The level seen on Monday was just a few hellers short of that recorded prior to November 2013, when the Czech National Bank first adopted its divisive policy.
The chief economist of Patria Finance, Jan Bureš, told iHned.cz that the strengthening of the crown was in part caused by the way trades are conducted on the financial markets.
Mr. Bureš said that once the Czech currency fell below 26 to the common European currency investors, influenced by commentators, had begun to revise their expectations with regard to further strengthening.
This has been leading some investment funds to leave their bets on the further reinforcement of the crown open and to hold off on collecting profits, which would undermine the currency, iHned.cz wrote.

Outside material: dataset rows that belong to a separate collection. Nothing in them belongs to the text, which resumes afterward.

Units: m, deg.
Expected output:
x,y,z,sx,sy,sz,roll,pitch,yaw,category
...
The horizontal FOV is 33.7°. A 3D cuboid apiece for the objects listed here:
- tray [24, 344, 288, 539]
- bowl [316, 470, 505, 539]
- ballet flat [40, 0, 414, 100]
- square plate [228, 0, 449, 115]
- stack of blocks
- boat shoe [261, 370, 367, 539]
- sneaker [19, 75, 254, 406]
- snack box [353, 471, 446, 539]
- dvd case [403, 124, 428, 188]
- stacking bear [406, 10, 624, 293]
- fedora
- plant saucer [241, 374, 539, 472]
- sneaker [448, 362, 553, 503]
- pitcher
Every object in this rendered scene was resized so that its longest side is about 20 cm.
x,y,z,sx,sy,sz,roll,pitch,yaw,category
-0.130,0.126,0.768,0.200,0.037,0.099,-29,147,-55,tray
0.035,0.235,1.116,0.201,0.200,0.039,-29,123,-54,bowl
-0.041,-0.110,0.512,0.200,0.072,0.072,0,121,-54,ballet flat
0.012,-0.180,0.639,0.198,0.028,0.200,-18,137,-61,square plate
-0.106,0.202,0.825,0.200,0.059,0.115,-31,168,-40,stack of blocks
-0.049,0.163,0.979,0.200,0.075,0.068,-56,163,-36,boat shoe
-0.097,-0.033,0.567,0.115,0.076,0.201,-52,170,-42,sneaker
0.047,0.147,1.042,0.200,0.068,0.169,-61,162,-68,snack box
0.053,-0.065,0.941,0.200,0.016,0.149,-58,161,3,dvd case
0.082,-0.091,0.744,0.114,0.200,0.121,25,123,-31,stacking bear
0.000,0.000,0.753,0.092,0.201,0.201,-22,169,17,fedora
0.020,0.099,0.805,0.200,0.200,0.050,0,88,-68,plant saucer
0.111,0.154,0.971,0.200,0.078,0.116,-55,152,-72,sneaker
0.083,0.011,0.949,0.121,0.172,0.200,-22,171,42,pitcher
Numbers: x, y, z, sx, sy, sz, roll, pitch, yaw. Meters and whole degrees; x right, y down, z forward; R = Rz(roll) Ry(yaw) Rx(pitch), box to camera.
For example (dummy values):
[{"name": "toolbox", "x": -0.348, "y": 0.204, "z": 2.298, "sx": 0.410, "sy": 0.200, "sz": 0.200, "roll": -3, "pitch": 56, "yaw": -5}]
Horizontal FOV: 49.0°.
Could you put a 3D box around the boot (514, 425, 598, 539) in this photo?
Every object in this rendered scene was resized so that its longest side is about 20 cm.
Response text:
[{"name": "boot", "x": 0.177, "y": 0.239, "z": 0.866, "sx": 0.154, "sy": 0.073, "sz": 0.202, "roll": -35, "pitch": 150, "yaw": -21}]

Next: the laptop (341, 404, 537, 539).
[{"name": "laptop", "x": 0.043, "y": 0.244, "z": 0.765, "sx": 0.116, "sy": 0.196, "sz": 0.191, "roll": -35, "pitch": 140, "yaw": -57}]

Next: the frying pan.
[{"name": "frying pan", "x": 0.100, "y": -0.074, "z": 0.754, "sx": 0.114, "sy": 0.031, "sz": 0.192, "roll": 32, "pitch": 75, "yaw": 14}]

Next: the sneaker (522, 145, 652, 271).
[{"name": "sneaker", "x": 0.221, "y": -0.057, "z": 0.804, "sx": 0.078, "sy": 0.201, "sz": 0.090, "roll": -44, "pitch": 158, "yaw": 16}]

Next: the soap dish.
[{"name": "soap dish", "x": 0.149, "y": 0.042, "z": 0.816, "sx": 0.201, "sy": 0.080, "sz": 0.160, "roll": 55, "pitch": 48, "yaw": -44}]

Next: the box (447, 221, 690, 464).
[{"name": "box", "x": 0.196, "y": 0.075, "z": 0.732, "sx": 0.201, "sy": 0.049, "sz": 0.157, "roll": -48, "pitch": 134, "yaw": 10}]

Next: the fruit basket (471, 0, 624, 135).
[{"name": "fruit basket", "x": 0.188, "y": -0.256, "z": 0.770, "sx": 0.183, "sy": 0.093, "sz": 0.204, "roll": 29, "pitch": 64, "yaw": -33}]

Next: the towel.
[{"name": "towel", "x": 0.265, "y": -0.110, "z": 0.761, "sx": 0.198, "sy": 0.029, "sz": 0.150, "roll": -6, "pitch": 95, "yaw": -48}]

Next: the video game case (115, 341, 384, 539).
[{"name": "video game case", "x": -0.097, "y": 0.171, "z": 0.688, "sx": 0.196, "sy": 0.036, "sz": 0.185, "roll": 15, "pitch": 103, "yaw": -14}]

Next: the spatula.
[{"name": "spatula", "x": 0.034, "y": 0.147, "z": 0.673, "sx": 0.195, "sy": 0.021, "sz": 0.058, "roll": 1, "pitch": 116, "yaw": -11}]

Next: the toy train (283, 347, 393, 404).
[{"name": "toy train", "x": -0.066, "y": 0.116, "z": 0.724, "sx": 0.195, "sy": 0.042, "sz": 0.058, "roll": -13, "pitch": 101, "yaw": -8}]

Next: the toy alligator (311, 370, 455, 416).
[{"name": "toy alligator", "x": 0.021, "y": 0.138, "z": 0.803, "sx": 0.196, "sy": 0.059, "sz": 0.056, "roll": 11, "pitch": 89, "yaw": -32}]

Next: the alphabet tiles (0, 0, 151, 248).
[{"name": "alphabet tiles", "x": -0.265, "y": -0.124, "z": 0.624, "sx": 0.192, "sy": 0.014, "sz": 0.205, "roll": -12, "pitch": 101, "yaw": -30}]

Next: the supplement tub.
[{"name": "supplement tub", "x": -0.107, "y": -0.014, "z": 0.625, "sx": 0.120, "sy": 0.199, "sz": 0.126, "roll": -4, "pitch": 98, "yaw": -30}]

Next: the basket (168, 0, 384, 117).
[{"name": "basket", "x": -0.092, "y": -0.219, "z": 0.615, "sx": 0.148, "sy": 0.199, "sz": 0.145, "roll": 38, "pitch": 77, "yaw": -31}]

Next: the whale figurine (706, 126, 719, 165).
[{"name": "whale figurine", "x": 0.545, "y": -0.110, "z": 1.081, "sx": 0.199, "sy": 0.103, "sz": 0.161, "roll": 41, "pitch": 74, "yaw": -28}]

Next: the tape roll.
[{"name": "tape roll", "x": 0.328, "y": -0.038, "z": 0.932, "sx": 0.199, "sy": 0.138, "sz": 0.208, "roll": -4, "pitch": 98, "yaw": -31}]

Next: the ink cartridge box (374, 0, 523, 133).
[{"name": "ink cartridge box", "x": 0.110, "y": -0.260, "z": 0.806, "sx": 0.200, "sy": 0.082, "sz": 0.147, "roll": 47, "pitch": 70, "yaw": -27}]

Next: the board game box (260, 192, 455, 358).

Economists say expectations of a further increase in interest rates by the Czech National Bank represent another reason for the crown’s buoyancy.
The chief economist of ING Bank, Jakub Seidler, said positive economic development, an overheating labour market and accelerated wage increases were all factors contributing to faster interest rate growth.
Indeed, ING bank believes that the crown could approach the level of 25 to the euro by the close of next year, iHned.cz reported.
The website also quoted Vojtěch Benda of the CNB’s Bank Board, who said last week that interest rates could grow faster than previously expected and that there could be one or two more interest rate rises before the end of 2017.
The first interest rate increase since 2008 took place in August as the Central Bank took action to dampen inflationary pressure from fast-growing wages and soaring house prices.
The chance of a further increase in rates has led new investors to buy the crown and to bet on its further strengthening. Higher rates in the Czech Republic are attractive for investors looking for a place to increase the value of their free money, iHned.cz said.